February Newsletter: How to Navigate Your Career from Public to Private Sector
Moving from the public to private sector is much easier than doing it the other way around because the major pathway into and among private sector employers is through a hidden job market that is largely unavailable in the government setting. This hidden job market isn’t all that mysterious either. It is based on the fact that most people get jobs before they are publicized by executing a strategy that focuses on building effective external relationships and profiling employment targets based on need indicators rather than the job itself.
Need indicators are data points that suggest that a company might need a solution you can provide but have not yet moved toward addressing it. Examples could be turnover in your target role, market expansion, M&A, new products, quality issues, impending regulation, operational inefficiency, poor compliance, etc.
If you think about it, there are only two reasons companies hire anyone: (1) They lost someone who must be replaced, or (2) they need more people than they currently have to achieve their goals. Maintaining awareness of people’s movement and need indicators is the key to leveraging the hidden job market.
Career change and job search are impossible to cover in a single newsletter. Anyone who hasn’t looked for a private sector job in a while should check out my December 2024 newsletter that hits the 12 key points of career navigation. It is set up in a “table of contents” format so that you can easily do deeper dives to drill down to the stuff you are curious about.
The Four Pillars of Change
Step 1: Target the right roles:
If you are currently working in the government or military, you may be unclear about where you would best fit in the private sector. This can be quite disorienting for the uninitiated because companies create all kinds of weird titles for the same jobs and often use different definitions for the same titles.
The best way to identify roles to target is to look at what the jobs do vs. what they are called. When I am called upon to do this with my clients, the starting point is to create an inventory of skills that tend to show up repeatedly when they focus on what they enjoy and are good at doing. I use professional accomplishments as the source code for this so that we have stories in place from the get-go that inform a future employer about how we have used our killer skills to produce results in the workplace.
Once we have defined the skills and achievements we want to transfer, we can use job sites (Indeed is great for this) to look for jobs that ask for those skills and outcomes. This is a great way to get a broad sense of possibilities from which you can whittle down based on both interest and viability.

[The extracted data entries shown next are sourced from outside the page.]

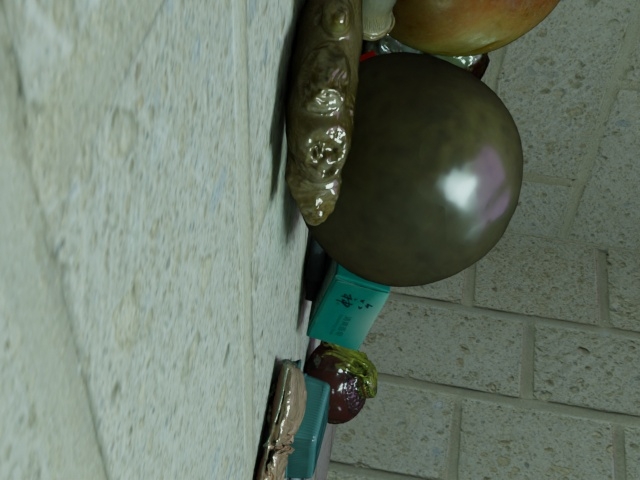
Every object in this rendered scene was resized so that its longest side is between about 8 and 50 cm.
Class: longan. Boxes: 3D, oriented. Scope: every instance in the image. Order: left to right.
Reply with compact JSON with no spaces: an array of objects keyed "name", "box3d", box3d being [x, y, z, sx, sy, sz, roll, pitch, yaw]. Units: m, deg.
[{"name":"longan","box3d":[0.101,-0.088,1.181,0.297,0.297,0.297,9,90,-85]}]

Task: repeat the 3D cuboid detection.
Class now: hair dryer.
[{"name":"hair dryer","box3d":[-0.003,0.007,1.460,0.173,0.050,0.195,-46,148,-78]}]

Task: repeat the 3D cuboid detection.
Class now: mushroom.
[{"name":"mushroom","box3d":[0.074,-0.387,1.324,0.096,0.108,0.247,-30,144,-26]}]

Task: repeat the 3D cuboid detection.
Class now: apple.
[{"name":"apple","box3d":[0.214,-0.451,1.498,0.305,0.338,0.338,-6,-110,55]}]

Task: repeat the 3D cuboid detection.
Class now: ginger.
[{"name":"ginger","box3d":[0.003,-0.185,1.018,0.166,0.080,0.333,149,-55,-77]}]

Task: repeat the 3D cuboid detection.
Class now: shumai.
[{"name":"shumai","box3d":[0.229,-0.430,2.005,0.309,0.263,0.304,51,50,-83]}]

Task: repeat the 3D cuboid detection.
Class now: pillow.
[{"name":"pillow","box3d":[-0.059,0.281,1.328,0.126,0.043,0.232,58,43,-74]}]

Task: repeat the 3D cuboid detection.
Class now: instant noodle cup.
[{"name":"instant noodle cup","box3d":[-0.030,0.296,1.524,0.179,0.070,0.157,94,9,-52]}]

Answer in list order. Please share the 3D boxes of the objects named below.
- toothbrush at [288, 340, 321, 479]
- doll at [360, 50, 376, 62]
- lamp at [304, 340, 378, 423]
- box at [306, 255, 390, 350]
[{"name":"toothbrush","box3d":[-0.017,0.318,1.864,0.042,0.035,0.413,115,-12,-65]},{"name":"doll","box3d":[0.054,-0.186,1.378,0.186,0.106,0.134,83,30,-72]},{"name":"lamp","box3d":[0.042,0.263,1.797,0.157,0.135,0.156,49,43,-64]},{"name":"box","box3d":[0.053,0.035,1.561,0.245,0.092,0.153,-82,-167,-46]}]

Step 2: Align Your Verbiage on your resume and LinkedIn profile:
Avoid public sector or military jargon and acronyms. Focus instead on using verbiage from the job postings that are representative of the kinds of jobs you would be targeting. If the language from your public sector job description doesn’t appear in any private sector job postings it is probably best not to include it. It is never a good idea, after all, to run the risk of confusing your suitors with phrases they have to Google.
When we build resumes for our Job Guy clients, we always want to remember that computers eliminate 75% of candidates across the board. It is safe to presume, based on these numbers, that job seekers whose resume language best matches the job postings are most likely to make the cut. To meet this challenge, we do as much as we can to truthfully claim as broad a cross section of these “keywords” as possible within the professional experience section of documents.
If we absolutely have to use acronyms, we will spell them out to make it easier to understand by those who may not be familiar with them.
3. Focus on accomplishments
Contrary to popular belief, most people don’t land a new role primarily because they can perform the duties of the job. The prescreening process eliminates those who obviously can’t. Candidates who win the job typically outperform their competitors on two levels: (1) showing how they have delivered results similar to what is needed in the new role and (2) demonstrating that they are fully committed to excellence and will fit in well with others.
Most human and AI advisors emphasize the importance of quantifying accomplishments on resumes. I agree that numbers are great…provided they are the right numbers. It is important that numbers used in a resume demonstrate the correct scale, otherwise they have the opposite effect. The most common example of this is using a resume that claims 30+ years of executive leadership experience for a job that wants 5 to 7 years as a first line manager.
Always prepare accomplishments that will be needed in the job you want next. When asked to share achievements in interviews, prioritize the ones that relate best over those that just mean the most to you personally.
Focusing on producing top results is critically important in effective resume building, nailing job interviews, and developing a network of enthusiastic advocates.
4. Build a productive professional network
Most people in the private sector get jobs at the stage at which a company needs to bring someone on board but has not yet publicized that need. This can be a formal position that has not yet been circulated, but it is even better timing when an employer recognizes a business opportunity that requires bringing on talent but when the process to generate candidate flow has not yet begun.
The perfect time to change sectors or industries is always before the employer invites competition from folks who are already doing similar work in the same industry. Once employers have decided on their list of qualifications, they will almost always prefer on-the-job experience in a context that is as close as possible to what they want done.
Building a network of influencers in the new target industry is key to tapping into the hidden job market. Ideal contacts fall into two major groups: those who work in the departments you might target and those who are their trusted advisors (colleagues, vendors, advisors, funding sources, consultants, etc.).
My most rewarding career change stories are always about those folks who were able to get in front of the right person at the right time and blow them away with their confidence and enthusiasm for doing a great job in something they had not literally done before. And it has almost always happened when competition has not yet been created…through leveraging the hidden job market.